The setting of Mica at Sundance conjured cyborg feminism and surrealism. Inspired by Marina Abramovic’s The Artist is Present, the AI hologram was set in a room, seated at a table waiting for the viewer to put on the headset and start the interaction. For now, Mica can only communicate through nonverbal actions, but her gestures are pretty impressive (although a bit exaggerated). In contrast to an AI assistant like Siri or Alexa, Mica does not follow orders and even gives the participant directions, such as putting a white canvas on the wall. When complete, a holographic representation of René Magritte’s painting The Treachery of Images (Ceci N’Est Pas Un Pipe) appears. Mica stands up and takes the pipe away from it, a sign that we are entering a post-representational sphere where reality is continuously shaped by digital non-human interactions.

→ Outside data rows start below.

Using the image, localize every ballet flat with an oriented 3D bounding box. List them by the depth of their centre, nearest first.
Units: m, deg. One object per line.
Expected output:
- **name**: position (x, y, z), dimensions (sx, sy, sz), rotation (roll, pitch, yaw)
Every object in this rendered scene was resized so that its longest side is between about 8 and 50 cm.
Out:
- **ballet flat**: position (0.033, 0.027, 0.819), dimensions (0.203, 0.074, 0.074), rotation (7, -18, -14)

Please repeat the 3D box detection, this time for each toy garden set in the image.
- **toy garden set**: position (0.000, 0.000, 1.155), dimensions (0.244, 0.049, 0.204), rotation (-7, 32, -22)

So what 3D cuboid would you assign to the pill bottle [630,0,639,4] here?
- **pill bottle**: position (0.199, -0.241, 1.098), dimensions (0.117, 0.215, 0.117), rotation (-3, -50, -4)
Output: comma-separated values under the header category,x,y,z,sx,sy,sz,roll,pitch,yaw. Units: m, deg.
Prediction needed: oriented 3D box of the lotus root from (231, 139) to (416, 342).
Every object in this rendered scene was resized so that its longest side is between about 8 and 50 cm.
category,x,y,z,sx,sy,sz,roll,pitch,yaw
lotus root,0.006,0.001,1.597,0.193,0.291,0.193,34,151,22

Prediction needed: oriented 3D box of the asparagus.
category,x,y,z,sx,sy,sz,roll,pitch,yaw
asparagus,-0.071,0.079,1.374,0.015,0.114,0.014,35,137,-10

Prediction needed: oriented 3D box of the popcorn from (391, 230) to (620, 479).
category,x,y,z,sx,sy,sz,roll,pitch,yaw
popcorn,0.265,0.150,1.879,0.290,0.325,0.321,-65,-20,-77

There was something at odds about Mica’s cyborg feminist narrative beyond the fact that she reproduced the standard contemporary cyborg figure, recognizable from characters in Ghost in the Shell and Ex Machina. (This in itself raises critical questions such as: What should AI look like? Should it be human-like? Why is it regularly depicted as white and female?) But what was even more troubling (and opaque) was that at the backend of the experience a data collection system was operating to feed this work-in-progress AI with information from the participants’ bodies.

“Magic Leap will collect certain data about you, including the size and position of your pupils and iris… We will extract geometric representations of your face and body movements from the audio and visual recordings… Magic Leap and its service providers will only use the information to develop and improve Magic Leap’s products and services,” read part of the release form that participants had to sign. That makes you wonder if the user’s data is the actual product of this experience (as it is with Facebook and other platforms). In this case, it is not so much about the ghosts in the machine. Rather, it’s about how in this age of biometrics, big data, and surveillance, we should be concerned with our bodies entering the machines. How we are being digitized, datafied, commodified?

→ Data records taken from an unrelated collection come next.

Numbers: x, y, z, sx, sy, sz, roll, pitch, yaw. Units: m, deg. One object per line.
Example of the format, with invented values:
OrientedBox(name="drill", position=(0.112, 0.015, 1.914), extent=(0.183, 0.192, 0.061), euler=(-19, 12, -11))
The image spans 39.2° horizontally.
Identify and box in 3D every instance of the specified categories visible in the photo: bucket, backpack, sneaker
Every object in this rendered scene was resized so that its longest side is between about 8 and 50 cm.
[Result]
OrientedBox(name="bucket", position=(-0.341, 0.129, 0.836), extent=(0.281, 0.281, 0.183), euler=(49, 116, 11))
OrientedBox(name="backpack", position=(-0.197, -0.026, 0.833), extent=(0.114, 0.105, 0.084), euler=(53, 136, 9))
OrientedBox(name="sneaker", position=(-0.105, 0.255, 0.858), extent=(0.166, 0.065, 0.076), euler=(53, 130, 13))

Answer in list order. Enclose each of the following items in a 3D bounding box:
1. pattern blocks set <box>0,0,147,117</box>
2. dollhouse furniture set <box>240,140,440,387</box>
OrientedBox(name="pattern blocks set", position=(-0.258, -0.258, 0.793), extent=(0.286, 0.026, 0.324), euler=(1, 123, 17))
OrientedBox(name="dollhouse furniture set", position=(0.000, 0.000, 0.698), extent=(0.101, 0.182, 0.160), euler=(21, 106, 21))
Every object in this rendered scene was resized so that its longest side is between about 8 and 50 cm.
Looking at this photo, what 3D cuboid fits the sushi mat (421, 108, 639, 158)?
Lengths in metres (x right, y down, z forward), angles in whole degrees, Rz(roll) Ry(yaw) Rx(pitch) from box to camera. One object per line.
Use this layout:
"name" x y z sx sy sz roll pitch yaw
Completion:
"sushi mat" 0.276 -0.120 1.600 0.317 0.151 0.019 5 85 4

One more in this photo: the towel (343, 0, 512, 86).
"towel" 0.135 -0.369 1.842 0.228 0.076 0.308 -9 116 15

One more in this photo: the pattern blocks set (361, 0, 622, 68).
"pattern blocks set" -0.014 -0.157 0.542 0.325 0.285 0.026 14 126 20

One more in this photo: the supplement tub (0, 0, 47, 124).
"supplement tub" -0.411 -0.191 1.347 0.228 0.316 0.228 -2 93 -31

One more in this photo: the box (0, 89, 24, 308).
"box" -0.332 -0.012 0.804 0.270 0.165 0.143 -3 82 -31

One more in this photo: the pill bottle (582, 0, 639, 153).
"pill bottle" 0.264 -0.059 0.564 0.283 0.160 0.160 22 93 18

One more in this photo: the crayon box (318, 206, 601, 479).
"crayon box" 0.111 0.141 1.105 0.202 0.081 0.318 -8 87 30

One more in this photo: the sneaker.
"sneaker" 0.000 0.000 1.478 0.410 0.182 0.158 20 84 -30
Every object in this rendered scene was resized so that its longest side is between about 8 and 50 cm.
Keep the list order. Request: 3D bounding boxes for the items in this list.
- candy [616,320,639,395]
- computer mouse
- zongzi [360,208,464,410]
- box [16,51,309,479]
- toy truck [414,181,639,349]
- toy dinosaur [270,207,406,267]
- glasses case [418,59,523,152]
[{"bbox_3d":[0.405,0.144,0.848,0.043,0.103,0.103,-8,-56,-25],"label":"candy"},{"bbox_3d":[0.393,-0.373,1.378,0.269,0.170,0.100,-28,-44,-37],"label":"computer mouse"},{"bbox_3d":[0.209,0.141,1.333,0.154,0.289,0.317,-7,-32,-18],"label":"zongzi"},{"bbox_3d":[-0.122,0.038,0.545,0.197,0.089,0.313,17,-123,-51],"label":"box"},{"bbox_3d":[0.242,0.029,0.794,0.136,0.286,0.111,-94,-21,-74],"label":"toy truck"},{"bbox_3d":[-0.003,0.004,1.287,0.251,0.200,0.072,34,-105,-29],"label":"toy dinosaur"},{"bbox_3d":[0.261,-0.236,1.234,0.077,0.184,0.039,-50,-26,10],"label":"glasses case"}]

Both Interlooped and Mica raise questions about how our bodies are entering and exiting virtual spaces. New Frontier is a good space to have critical conversations on these developments as it brings together people with different backgrounds shaping not only the future of storytelling but of our lives. As Kamal Sinclair, director of New Frontier Lab Programs (and a contributing editor for Immerse), said at one of the panel discussions, “We have the opportunity to change the course of the technology now because it does not have a defined language yet.” But we need to be seriously thinking about the sociopolitical and ethical consequences of the making of a new reality.